Bought mine from a dealer , which usually means you pay right about double what it's really worth.  

I'd offer the guy between $600 and $800. Look it up in the KBB and any other place you can find too. Because of all the rust find the lowest poor condition graded price for it.


----------



## TNIX7 (May 14, 2004)

thanks guys, i wann go look at it again and bring my digicam so i can get some pics to show you guys, the rust isnt _that_ bad, two spots on each rear fender(didnt get to look under) im gonna have a hard time spending more than 600 on it like i said, but ill put up some pics and see if you think its worth more or less than $600. i almost called the guy today and offerd him $400/ i realy wanna keep both my cars, well thats it for now guys thanks!


----------



## TNIX7 (May 14, 2004)

http://kbb.com/kb/ki.dll/kw.kc.ur?kbb.CT;461536;CT003&06095;+p&722;Nissan;1986 300ZX&19;NI;B1&&&

1300 kbb(but not in running condition so......) 
600 it is! lol


----------



## Zen31ZR (Mar 24, 2004)

TNIX7 said:


> the rust isnt _that_ bad, two spots on each rear fender(didnt get to look under)
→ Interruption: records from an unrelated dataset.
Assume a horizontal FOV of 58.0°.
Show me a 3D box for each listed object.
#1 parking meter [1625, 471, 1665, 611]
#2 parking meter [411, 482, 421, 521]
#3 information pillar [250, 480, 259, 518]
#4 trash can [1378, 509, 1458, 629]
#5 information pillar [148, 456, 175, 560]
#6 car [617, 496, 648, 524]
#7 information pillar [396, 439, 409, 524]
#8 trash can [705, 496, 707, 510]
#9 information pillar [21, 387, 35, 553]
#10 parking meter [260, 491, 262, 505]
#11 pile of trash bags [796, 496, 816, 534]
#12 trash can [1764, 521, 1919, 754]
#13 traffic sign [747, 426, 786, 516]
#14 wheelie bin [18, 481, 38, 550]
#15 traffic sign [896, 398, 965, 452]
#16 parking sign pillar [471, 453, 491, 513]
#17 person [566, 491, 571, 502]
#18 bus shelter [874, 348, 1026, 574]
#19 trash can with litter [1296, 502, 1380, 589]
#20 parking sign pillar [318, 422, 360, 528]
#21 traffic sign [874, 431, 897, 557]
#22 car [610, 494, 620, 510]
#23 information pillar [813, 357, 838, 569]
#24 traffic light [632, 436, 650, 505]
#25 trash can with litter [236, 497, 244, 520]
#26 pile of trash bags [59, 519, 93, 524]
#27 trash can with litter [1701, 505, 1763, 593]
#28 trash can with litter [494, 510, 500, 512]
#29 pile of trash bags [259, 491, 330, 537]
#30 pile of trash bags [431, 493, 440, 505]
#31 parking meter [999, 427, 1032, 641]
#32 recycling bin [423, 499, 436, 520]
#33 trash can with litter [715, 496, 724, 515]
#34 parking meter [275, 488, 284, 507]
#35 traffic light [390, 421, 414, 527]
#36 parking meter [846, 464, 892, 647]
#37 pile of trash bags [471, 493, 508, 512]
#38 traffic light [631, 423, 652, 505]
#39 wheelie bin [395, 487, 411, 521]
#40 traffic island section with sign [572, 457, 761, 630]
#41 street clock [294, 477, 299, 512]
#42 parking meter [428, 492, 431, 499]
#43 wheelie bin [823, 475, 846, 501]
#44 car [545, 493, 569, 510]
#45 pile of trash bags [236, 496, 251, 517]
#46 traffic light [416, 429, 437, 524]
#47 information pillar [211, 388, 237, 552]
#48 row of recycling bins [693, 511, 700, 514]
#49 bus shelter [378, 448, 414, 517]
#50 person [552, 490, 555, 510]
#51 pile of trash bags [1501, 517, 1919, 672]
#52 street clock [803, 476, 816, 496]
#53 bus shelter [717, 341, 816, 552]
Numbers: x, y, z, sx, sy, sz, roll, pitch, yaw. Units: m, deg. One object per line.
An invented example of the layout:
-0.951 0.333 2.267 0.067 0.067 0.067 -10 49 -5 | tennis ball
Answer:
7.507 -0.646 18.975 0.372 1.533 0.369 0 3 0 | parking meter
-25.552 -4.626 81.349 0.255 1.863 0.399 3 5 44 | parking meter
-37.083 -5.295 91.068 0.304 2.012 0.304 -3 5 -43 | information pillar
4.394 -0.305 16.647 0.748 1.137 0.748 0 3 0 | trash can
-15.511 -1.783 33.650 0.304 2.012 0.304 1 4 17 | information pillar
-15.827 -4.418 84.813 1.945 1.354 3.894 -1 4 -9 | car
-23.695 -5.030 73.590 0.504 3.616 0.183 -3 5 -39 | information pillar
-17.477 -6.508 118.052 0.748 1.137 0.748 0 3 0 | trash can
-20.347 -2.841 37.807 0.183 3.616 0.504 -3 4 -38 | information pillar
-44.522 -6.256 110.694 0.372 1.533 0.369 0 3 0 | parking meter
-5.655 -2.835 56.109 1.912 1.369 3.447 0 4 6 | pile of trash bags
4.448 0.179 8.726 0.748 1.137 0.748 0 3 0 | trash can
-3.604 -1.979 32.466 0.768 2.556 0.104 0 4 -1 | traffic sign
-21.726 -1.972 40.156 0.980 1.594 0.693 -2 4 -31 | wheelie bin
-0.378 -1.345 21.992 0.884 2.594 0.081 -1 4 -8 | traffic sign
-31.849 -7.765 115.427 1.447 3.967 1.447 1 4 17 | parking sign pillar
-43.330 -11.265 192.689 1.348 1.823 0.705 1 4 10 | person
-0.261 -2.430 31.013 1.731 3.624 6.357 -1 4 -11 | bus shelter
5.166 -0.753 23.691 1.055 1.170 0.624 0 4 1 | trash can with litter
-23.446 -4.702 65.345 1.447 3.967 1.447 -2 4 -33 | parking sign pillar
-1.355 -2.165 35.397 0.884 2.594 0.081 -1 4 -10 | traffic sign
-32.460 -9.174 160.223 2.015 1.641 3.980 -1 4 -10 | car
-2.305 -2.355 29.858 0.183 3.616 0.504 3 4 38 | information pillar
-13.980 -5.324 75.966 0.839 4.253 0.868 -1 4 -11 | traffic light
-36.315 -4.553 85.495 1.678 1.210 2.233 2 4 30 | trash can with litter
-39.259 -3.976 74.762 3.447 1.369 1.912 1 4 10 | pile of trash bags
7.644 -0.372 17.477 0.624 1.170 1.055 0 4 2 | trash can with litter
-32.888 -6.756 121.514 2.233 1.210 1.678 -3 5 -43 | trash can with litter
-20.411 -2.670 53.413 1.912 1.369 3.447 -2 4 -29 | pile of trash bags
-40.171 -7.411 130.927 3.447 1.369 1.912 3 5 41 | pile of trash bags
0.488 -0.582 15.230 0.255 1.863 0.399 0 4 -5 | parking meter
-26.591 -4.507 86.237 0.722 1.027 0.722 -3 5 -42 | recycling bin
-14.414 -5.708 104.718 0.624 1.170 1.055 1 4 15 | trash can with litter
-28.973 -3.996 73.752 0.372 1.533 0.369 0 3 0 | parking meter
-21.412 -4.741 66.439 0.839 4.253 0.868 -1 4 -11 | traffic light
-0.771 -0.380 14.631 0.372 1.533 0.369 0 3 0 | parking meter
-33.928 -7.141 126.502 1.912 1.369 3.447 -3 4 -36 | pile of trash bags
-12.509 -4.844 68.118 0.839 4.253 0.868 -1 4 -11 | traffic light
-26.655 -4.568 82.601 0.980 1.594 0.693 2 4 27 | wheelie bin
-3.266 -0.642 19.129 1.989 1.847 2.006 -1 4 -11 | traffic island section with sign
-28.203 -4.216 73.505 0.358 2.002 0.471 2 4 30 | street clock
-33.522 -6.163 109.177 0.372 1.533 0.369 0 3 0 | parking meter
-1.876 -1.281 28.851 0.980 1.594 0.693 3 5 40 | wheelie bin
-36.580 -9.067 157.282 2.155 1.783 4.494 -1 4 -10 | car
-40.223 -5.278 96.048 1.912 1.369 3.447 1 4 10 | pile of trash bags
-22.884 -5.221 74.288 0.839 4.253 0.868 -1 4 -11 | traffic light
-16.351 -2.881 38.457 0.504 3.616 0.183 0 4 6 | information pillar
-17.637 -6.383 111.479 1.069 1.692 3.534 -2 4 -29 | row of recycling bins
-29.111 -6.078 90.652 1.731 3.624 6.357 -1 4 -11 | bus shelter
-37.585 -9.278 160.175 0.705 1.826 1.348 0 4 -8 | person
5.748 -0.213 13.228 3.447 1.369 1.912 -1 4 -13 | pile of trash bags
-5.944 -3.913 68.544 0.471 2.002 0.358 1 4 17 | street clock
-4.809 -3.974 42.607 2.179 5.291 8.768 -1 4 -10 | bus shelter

Oh , I see. I thought you said 80% rust. So 80% rust FREE it is.  Gotta watch the typos around here.


----------



## TNIX7 (May 14, 2004)

[email protected] said:


> Oh , I see. I thought you said 80% rust. So 80% rust FREE it is.  Gotta watch the typos around here.
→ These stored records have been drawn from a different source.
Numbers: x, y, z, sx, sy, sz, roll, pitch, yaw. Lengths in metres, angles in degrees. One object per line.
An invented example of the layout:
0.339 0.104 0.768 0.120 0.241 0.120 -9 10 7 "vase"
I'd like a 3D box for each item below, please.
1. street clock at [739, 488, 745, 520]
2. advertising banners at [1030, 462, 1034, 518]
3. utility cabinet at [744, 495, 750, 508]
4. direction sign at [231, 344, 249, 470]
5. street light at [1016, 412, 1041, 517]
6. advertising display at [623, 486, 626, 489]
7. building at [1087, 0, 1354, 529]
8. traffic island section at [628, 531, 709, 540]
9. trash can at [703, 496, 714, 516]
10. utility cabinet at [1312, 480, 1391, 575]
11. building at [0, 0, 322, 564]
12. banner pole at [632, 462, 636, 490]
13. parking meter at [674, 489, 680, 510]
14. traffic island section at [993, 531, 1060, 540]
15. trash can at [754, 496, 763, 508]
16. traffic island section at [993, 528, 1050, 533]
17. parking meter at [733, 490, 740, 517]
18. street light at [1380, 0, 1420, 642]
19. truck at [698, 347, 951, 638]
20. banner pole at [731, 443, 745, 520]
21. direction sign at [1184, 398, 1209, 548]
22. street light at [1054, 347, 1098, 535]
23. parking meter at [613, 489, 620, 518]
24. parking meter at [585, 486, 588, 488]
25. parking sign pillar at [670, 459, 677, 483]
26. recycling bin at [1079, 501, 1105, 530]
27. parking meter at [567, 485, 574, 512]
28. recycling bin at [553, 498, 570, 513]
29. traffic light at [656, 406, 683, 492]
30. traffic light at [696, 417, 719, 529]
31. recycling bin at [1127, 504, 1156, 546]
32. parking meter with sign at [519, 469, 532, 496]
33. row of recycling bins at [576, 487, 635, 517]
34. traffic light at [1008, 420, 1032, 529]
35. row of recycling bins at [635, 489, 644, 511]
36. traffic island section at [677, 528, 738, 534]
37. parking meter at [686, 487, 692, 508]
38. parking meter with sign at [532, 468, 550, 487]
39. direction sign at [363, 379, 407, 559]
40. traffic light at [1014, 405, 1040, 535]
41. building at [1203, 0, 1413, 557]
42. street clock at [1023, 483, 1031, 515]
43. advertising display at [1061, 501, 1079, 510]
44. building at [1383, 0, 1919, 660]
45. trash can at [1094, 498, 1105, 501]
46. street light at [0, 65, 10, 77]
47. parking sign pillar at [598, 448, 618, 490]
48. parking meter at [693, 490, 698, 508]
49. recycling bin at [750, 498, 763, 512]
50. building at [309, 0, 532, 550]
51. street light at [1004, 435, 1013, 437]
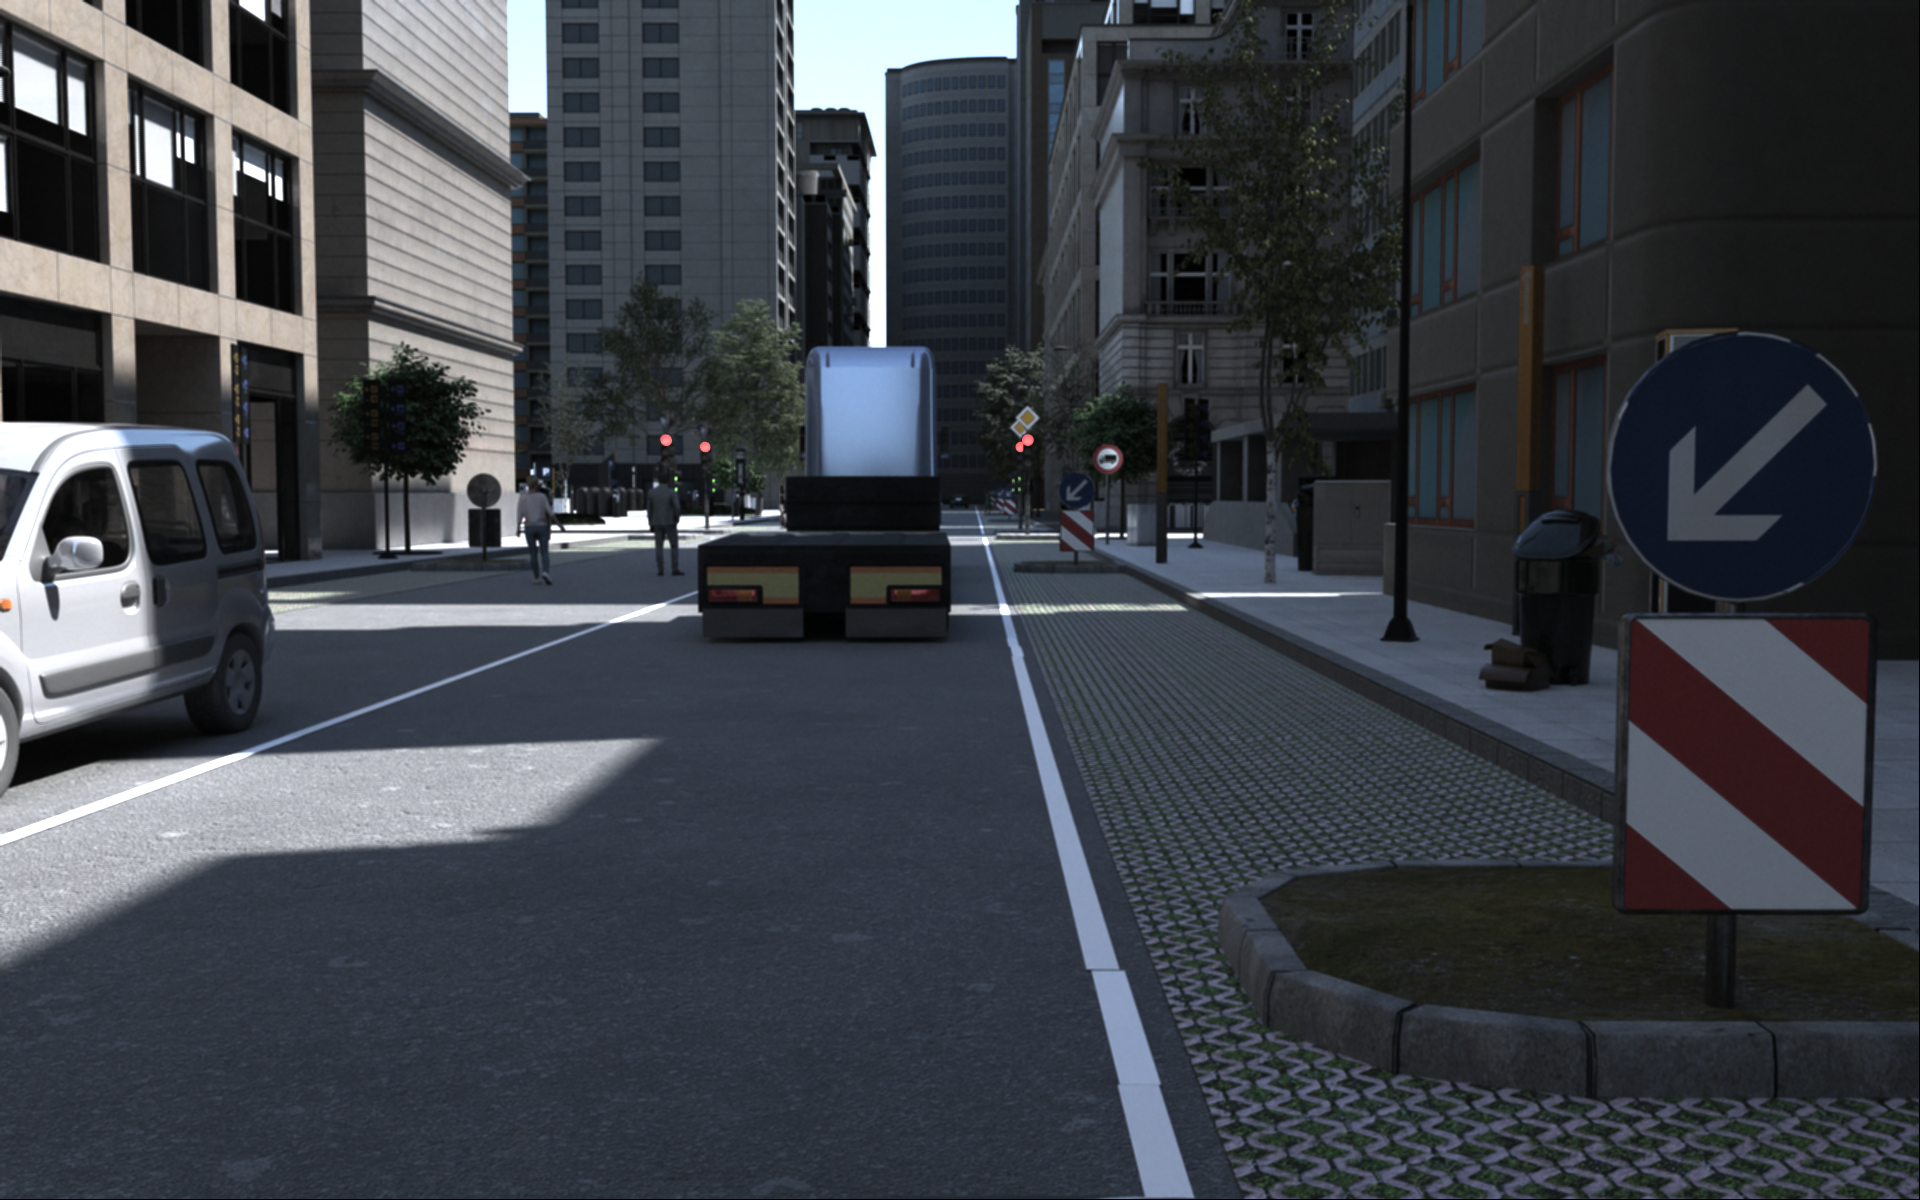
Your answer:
-10.726 -4.933 85.228 0.358 2.002 0.471 0 4 4 "street clock"
3.940 -6.008 94.412 0.090 3.025 2.074 0 4 6 "advertising banners"
-15.065 -6.813 122.551 0.306 1.237 1.020 0 4 -1 "utility cabinet"
-11.030 -2.116 26.599 0.379 3.537 0.876 -1 4 -9 "direction sign"
3.865 -7.650 97.620 1.470 5.913 1.316 0 4 0 "street light"
-26.759 -8.139 138.283 0.123 1.923 0.974 -1 4 -19 "advertising display"
17.528 -13.889 68.889 24.055 21.916 13.314 0 4 0 "building"
-9.281 -2.005 55.068 2.009 0.180 2.903 0 4 0 "traffic island section"
-14.473 -5.387 99.730 0.748 1.137 0.748 0 3 0 "trash can"
6.200 -1.146 27.424 1.173 1.500 0.318 1 4 19 "utility cabinet"
-22.272 -12.957 16.362 19.350 26.468 34.151 0 4 0 "building"
-25.132 -8.789 133.710 0.401 3.779 0.863 1 4 13 "banner pole"
-14.967 -5.067 91.259 0.372 1.533 0.369 0 3 0 "parking meter"
2.160 -2.000 54.982 2.009 0.180 2.903 0 4 0 "traffic island section"
-15.489 -7.434 133.206 0.748 1.137 0.748 0 3 0 "trash can"
2.217 -2.488 62.967 2.009 0.180 2.903 0 4 0 "traffic island section"
-12.636 -5.465 97.762 0.372 1.533 0.369 0 3 0 "parking meter"
3.318 -2.598 15.022 1.470 5.913 1.316 0 4 0 "street light"
-1.503 -2.208 25.859 2.967 4.110 18.799 0 4 -1 "truck"
-10.856 -5.774 84.420 0.863 3.779 0.401 -1 4 -11 "banner pole"
5.614 -3.008 41.184 0.876 3.537 0.379 -3 5 -44 "direction sign"
3.654 -5.028 54.752 1.470 5.913 1.316 0 4 0 "street light"
-18.720 -5.256 94.351 0.372 1.533 0.369 0 3 0 "parking meter"
-28.746 -7.797 133.186 0.255 1.863 0.399 -1 4 -16 "parking meter"
-21.974 -8.758 131.669 1.447 3.967 1.447 1 4 15 "parking sign pillar"
4.745 -3.042 62.288 0.722 1.027 0.722 -2 4 -25 "recycling bin"
-23.897 -6.150 106.263 0.255 1.863 0.399 1 4 14 "parking meter"
-23.465 -5.472 102.020 0.722 1.027 0.722 2 4 24 "recycling bin"
-9.241 -4.037 54.933 0.839 4.253 0.868 0 4 0 "traffic light"
-9.184 -4.526 62.917 0.839 4.253 0.868 0 4 0 "traffic light"
4.608 -1.866 43.055 0.722 1.027 0.722 -1 4 -17 "recycling bin"
-30.615 -7.681 121.842 1.738 3.016 0.543 2 4 34 "parking meter with sign"
-20.216 -5.535 97.614 3.534 1.692 1.069 2 4 29 "row of recycling bins"
2.177 -4.522 62.853 0.839 4.253 0.868 0 4 0 "traffic light"
-25.028 -7.489 129.556 1.069 1.692 3.534 2 4 35 "row of recycling bins"
-9.224 -2.494 63.052 2.009 0.180 2.903 0 4 0 "traffic island section"
-20.931 -7.835 133.805 0.399 1.863 0.255 -1 4 -12 "parking meter"
-27.637 -7.245 114.709 0.543 3.016 1.738 -2 4 -29 "parking meter with sign"
-11.378 -2.589 34.332 0.876 3.537 0.379 0 4 7 "direction sign"
2.120 -4.033 54.868 0.839 4.253 0.868 0 4 0 "traffic light"
22.959 -21.349 40.932 32.217 40.220 23.993 0 4 0 "building"
4.073 -6.358 108.519 0.358 2.002 0.471 1 4 11 "street clock"
4.857 -4.309 75.662 0.974 1.923 0.123 2 4 34 "advertising display"
19.174 -9.915 7.148 27.650 21.520 28.899 0 4 0 "building"
4.964 -3.177 63.597 0.748 1.137 0.748 0 3 0 "trash can"
-10.962 -2.833 18.866 1.470 5.913 1.316 0 4 0 "street light"
-20.162 -6.878 100.921 1.447 3.967 1.447 -1 4 -15 "parking sign pillar"
-18.476 -6.885 120.976 0.372 1.533 0.369 0 3 0 "parking meter"
-14.772 -6.914 125.599 0.722 1.027 0.722 -2 4 -26 "recycling bin"
-24.512 -15.792 45.587 23.554 28.519 14.401 0 4 0 "building"
4.211 -10.063 137.074 1.470 5.913 1.316 0 4 0 "street light"

yeah i know it, i just cought that today when i was zonin out at work 

hopefuly i will get to see it friday and put up some pics for you guys


----------



## asleepz (Feb 24, 2004)

offer him 600-800 and you won't be sorry once you get it running


----------



## TNIX7 (May 14, 2004)

(update on the search) today (friday) im goin to look at two 86 turbos a red one with an 88 turbo engine with 80thou miles on it (auto) little rust $2700, the other white with 217thou miles turbo engine(5 speed) hatch is rusted $1600 will go down t0 $1000, he also has the original engine out of the red 86 it is the turbo with 97thou miles on it. 
my mind is thinkin get the white one and engine for $1600, that way if anything ges wrong, i have a turbo 86 engine with 97thou on it to go right in

not to mention i could just buy the engine and put it in the car i mentioned before.
I WILL GET PICS!!!


----------



## Zen31ZR (Mar 24, 2004)

TNIX7 said:


> (update on the search) today (friday) im goin to look at two 86 turbos a red one with an 88 turbo engine with 80thou miles on it (auto) little rust $2700, the other white with 217thou miles turbo engine(5 speed) hatch is rusted $1600 will go down t0 $1000, he also has the original engine out of the red 86 it is the turbo with 97thou miles on it.
> my mind is thinkin get the white one and engine for $1600, that way if anything ges wrong, i have a turbo 86 engine with 97thou on it to go right in
> 
> not to mention i could just buy the engine and put it in the car i mentioned before.
> I WILL GET PICS!!!


Yeah , and you want the 5-spd car anyway , trust me.  The BW T5 is touch notchy , but if you get the Razo 340 gram shifter knob it smooths things right out. I can bang 1st-2nd-3rd all day long with no problems. Not to mention the car is very easy to NLS (no lift shift). I would trade it for nothing. Except maybe a T56 trans , that 6th gear would come in handy on the highway.


----------



## '85 fairlady (May 1, 2004)

I got my white Z for $800 and another maroon Z for $550.


----------



## TNIX7 (May 14, 2004)

(update) i saw the cars, i mainly looked at the white with 200+thou miles, the hatch is rusted, the muffler has a hole in it so exhoust comes out at about the left rear wheel well, minor rust on both rear side pannels,needs new belts, clutch is fine. $1100 with 97thousand mile turbo parts engine with bent rod.

yeah - neah?


----------



## Zen31ZR (Mar 24, 2004)

TNIX7 said:


> (update) i saw the cars, i mainly looked at the white with 200+thou miles, the hatch is rusted, the muffler has a hole in it so exhoust comes out at about the left rear wheel well, minor rust on both rear side pannels,needs new belts, clutch is fine. $1100 with 97thousand mile turbo parts engine with bent rod.
> 
> yeah - neah?


Replace the hatch , 3" exhaust , build the heck out of that spare motor. If I'da found a deal like that when I was looking at Zs , I would have grabbed it.


----------



## JAMESZ (Mar 12, 2004)

Get under the car also and check for rust, pull up the carpet in the rear and the bedding and make sure there is no rust down there. If there is rust on the hatch and the panels I would bet there is more hidden rust. Just check it out very closesly.


----------



## TNIX7 (May 14, 2004)

hey guys, i JUST payed $400 for an 86 300 turbo with the odometer stuck at 180thousand miles, it has minimal rust and runs strong, im soooo happy!!!!


----------



## JAMESZ (Mar 12, 2004)

Congradulations enjoy the car and fix it up.


----------



## TNIX7 (May 14, 2004)

JAMESZ said:


> Congradulations enjoy the car and fix it up.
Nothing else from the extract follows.